Solution

Show that the circles having equations \(x^2 + y^2 = 25\) and \(x^2 + y^2 - 24x - 18y + 125 = 0\) touch each other. Calculate the coordinates of the point at which they touch.

Approach 1: Geometric

The circle with equation \(x^2+y^2=25\) has its centre at the origin and radius \(5\).

We can complete the square for the equation \(x^2 + y^2 - 24x - 18y + 125 = 0\) to find its centre and radius: \[\begin{gathered} x^2 + y^2 - 24x - 18y + 125 = 0\\ \implies\quad (x-12)^2-12^2 + (y-9)^2 -9^2 + 125 = 0\\ \implies\quad (x-12)^2 + (y-9)^2 = 144+81-125\\ \implies\quad (x-12)^2 + (y-9)^2 = 100 \end{gathered}\] so this circle has centre \((12,9)\) and radius \(10\).

We can sketch these:

Graph with the two circles described. They just touch.

It seems as though the circles touch. Let’s prove that!

The length of the line joining the two centres \((0,0)\) and \((12,9)\) is (using Pythagoras) \[\sqrt{12^2+9^2}=\sqrt{144+81}=\sqrt{225}=15.\]

Alternatively, we can notice that \(9\) and \(12\) form the two short sides of right-angled triangle, which must be a \(3\)-\(4\)-\(5\) triangle scaled by a factor of \(3\), and therefore the diagonal length is \(3\times 5=15\).

Now the radii of the two circles are \(5\) and \(10\). Since \(5+10=15\) (the distance between the centres), the two circles touch.

To find the coordinates of the point where they touch, we can use similar triangles:

The same diagram with the point (a,b) where the circles touch marked. The triangle with vertices (0,0), (a,0), (a,b) is drawn.

The small triangle has sides in the ratio \(a:b:5\) (base to height to hypotenuse), while in the large triangle, they are in the ratio \(12:9:15\).
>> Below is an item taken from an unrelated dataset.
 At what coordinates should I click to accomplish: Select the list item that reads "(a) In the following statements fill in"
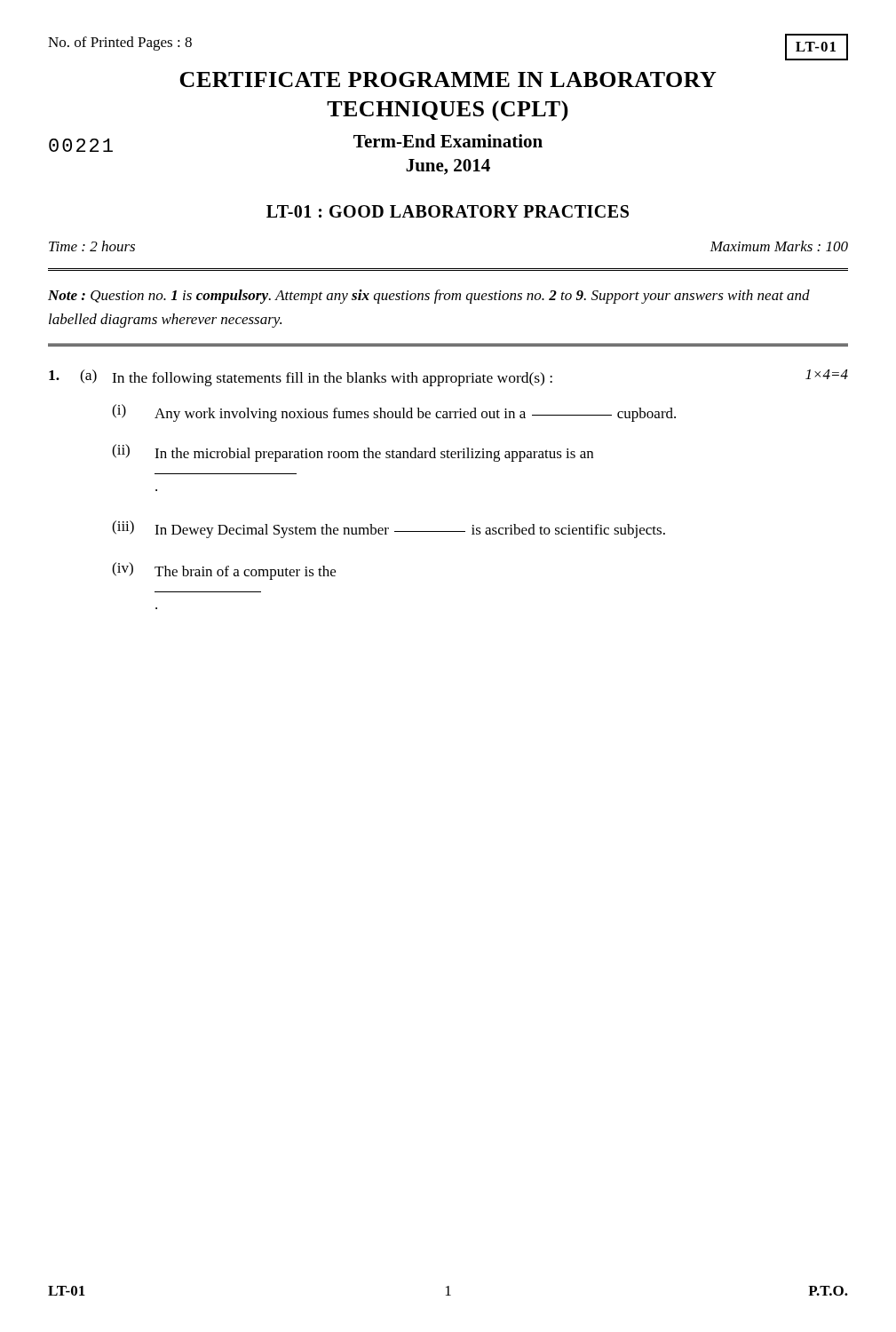[448, 378]

These ratios are the same, so \(a:b:5=4:3:5\), and the point of touching has coordinates \((4,3)\).

Another way to think about this is that the point of touching is \(\dfrac{5}{15}=\dfrac{1}{3}\) of the way along the line from \((0,0)\) to \((12,9)\), so it is at \((4,3)\).

Approach 2: Algebraic

For the circles to touch, we must show that they intersect at exactly one point.
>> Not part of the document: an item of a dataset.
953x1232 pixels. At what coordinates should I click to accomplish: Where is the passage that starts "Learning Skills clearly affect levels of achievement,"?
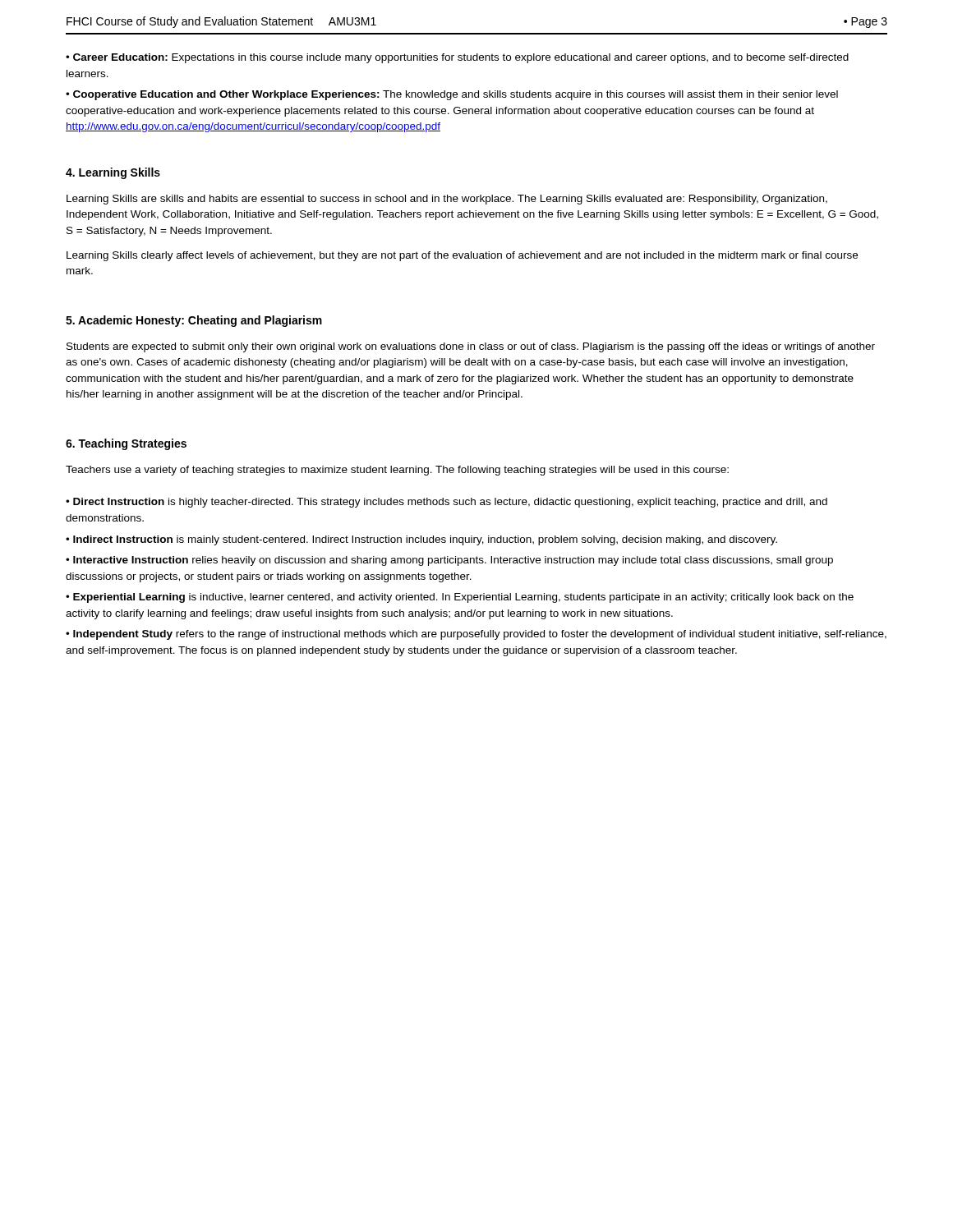[x=462, y=263]

We have the equations of the two circles: \[x^2 + y^2 = 25\] and \[x^2 + y^2 - 24x - 18y + 125 = 0.\]

Substituting the first equation into the second (or alternatively subtracting the first equation from the second) gives \[\begin{align*} &25 - 24x - 18y + 125 = 0\\ \Longrightarrow\quad& 24x + 18y = 150\\ \Longrightarrow\quad& 4x + 3y = 25. \end{align*}\]

So if the two circles meet in two points, they must both lie on \(4x + 3y = 25.\)

We can rearrange \(4x + 3y = 25\) to get \[x = \frac{1}{4}(25-3y)\] and substitute into the equation \(x^2 + y^2 = 25\): \[\begin{align*} &\left(\frac{1}{4}(25-3y)\right)^2 +y^2 = 25\\ \iff\quad& 25y^2 - 150y + 225 = 0\\ \iff\quad& y^2 - 6y + 9 = 0\\ \iff\quad& (y-3)^2 = 0\\ \iff\quad& y = 3. \end{align*}\]

The quadratic equation has a repeated root, so has exactly one solution.

This means that the line \(4x + 3y = 25\) is a tangent to the circle \(x^2 + y^2 = 25.\)

We can find the corresponding \(x\) value by setting \(y = 3\) in the equation \(4x + 3y = 25\): \[\begin{align*} &4x + 3(3) = 25\\ \Longrightarrow\quad& x = 4. \end{align*}\] Substituting \[x = \frac{1}{4}(25-3y)\] into the equation \(x^2 + y^2 - 24x - 18y + 125 = 0,\) we have \[\begin{align*} &\left(\frac{1}{4}(25-3y)\right)^2 +y^2 -24\left(\frac{1}{4}(25-3y)\right)-18y+125= 0\\ \iff\quad& 25y^2 - 150y + 225 = 0\\ \iff\quad& y^2 - 6y + 9 = 0\\ \iff\quad& (y-3)^2 = 0\\ \iff\quad& y = 3. \end{align*}\]

This means that the line \(4x + 3y = 25\) is a tangent to the second circle also at \((4,3)\).

So the circles \(x^2 + y^2 = 25\) and \(x^2 + y^2 - 24x - 18y + 125 = 0\) touch at the point \((4,3)\).